Neither the use of graphite nor sodium nitrate was new. Glossing gunpowder corns with graphite was already an accepted technique in 1839, and sodium nitrate-based blasting powder had been made in Peru for many years using the sodium nitrate mined at Tarapacá (now in Chile). Also, in 1846, two plants were built in south-west England to make blasting powder using this sodium nitrate. The idea may well have been brought from Peru by Cornish miners returning home after completing their contracts. Another suggestion is that it was William Lobb, the plant collector, who recognised the possibilities of sodium nitrate during his travels in South America. Lammot du Pont would have known about the use of graphite, and probably also knew about the plants in south-west England. In his patent he was careful to state that his claim was for the combination of graphite with sodium nitrate–based powder, rather than for either of the two individual technologies.

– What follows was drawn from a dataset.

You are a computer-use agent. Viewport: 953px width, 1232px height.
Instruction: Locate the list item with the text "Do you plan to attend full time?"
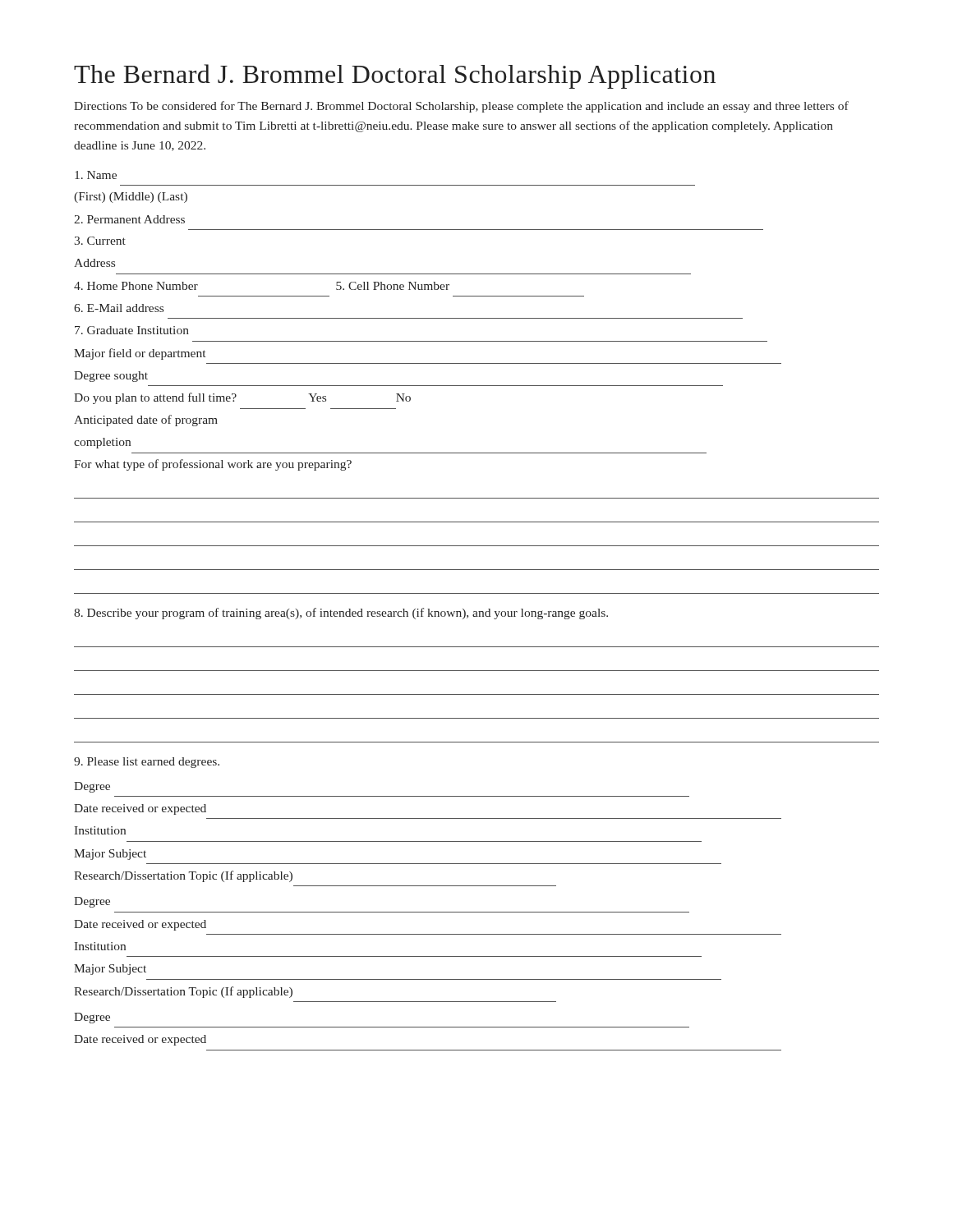(x=156, y=399)
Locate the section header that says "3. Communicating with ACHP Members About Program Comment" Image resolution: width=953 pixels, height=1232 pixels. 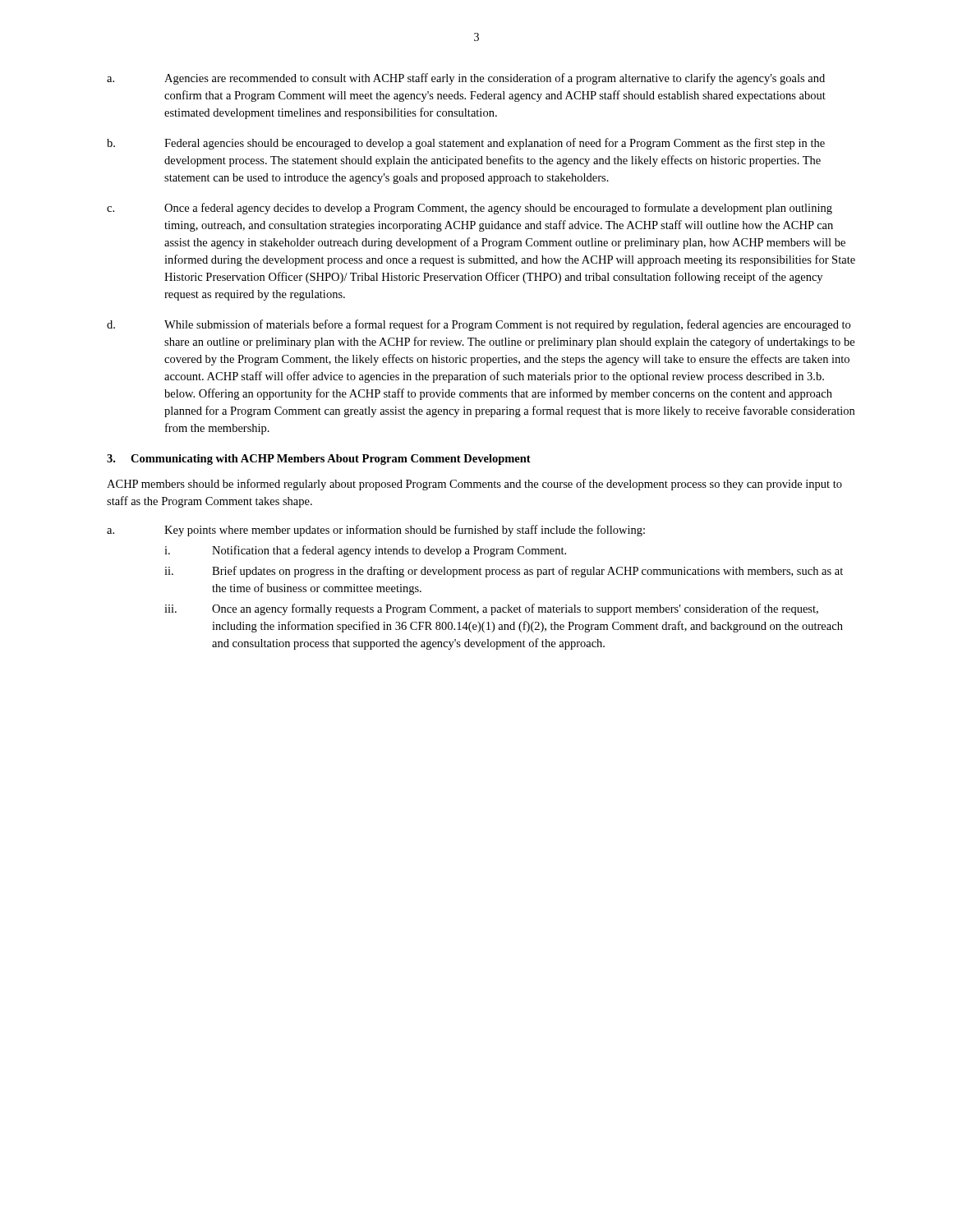coord(319,459)

French war powder in 1879 used the ratio 75% saltpeter, 12.5% charcoal, 12.5% sulfur. English war powder in 1879 used the ratio 75% saltpeter, 15% charcoal, 10% sulfur. The British Congreve rockets used 62.4% saltpeter, 23.2% charcoal and 14.4% sulfur, but the British Mark VII gunpowder was changed to 65% saltpeter, 20% charcoal and 15% sulfur. The explanation for the wide variety in formulation relates to usage. Powder used for rocketry can use a slower burn rate since it accelerates the projectile for a much longer time—whereas powders for weapons such as flintlocks, cap-locks, or matchlocks need a higher burn rate to accelerate the projectile in a much shorter distance. Cannons usually used lower burn-rate powders, because most would burst with higher burn-rate powders.

=== Other compositions ===
Besides black powder, there are other historically important types of gunpowder. "Brown gunpowder" is cited as composed of 79% nitre, 3% sulfur, and 18% charcoal per 100 of dry powder, with about 2% moisture. Prismatic Brown Powder is a large-grained product that the Rottweil Company introduced in 1884 in Germany, which was adopted by the British Royal Navy shortly thereafter. The French navy adopted a fine, 3.1 millimeter, not prismatic grained product called Slow Burning Cocoa (SBC) or "cocoa powder". These brown powders reduced burning rate even further by using as little as 2 percent sulfur and using charcoal made from rye straw that had not been completely charred, hence the brown color.

Lesmok powder was a product developed by DuPont in 1911, one of several semi-smokeless products in the industry containing a mixture of black and nitrocellulose powder. It was sold to Winchester and others primarily for .22 and .32 small calibers. Its advantage was that it was believed at the time to be less corrosive than smokeless powders then in use. It was not understood in the U.S. until the 1920s that the actual source of corrosion was the potassium chloride residue from potassium chlorate sensitized primers. The bulkier black powder fouling better disperses primer residue. Failure to mitigate primer corrosion by dispersion caused the false impression that nitrocellulose-based powder caused corrosion. Lesmok had some of the bulk of black powder for dispersing primer residue, but somewhat less total bulk than straight black powder, thus requiring less frequent bore cleaning. It was last sold by Winchester in 1947.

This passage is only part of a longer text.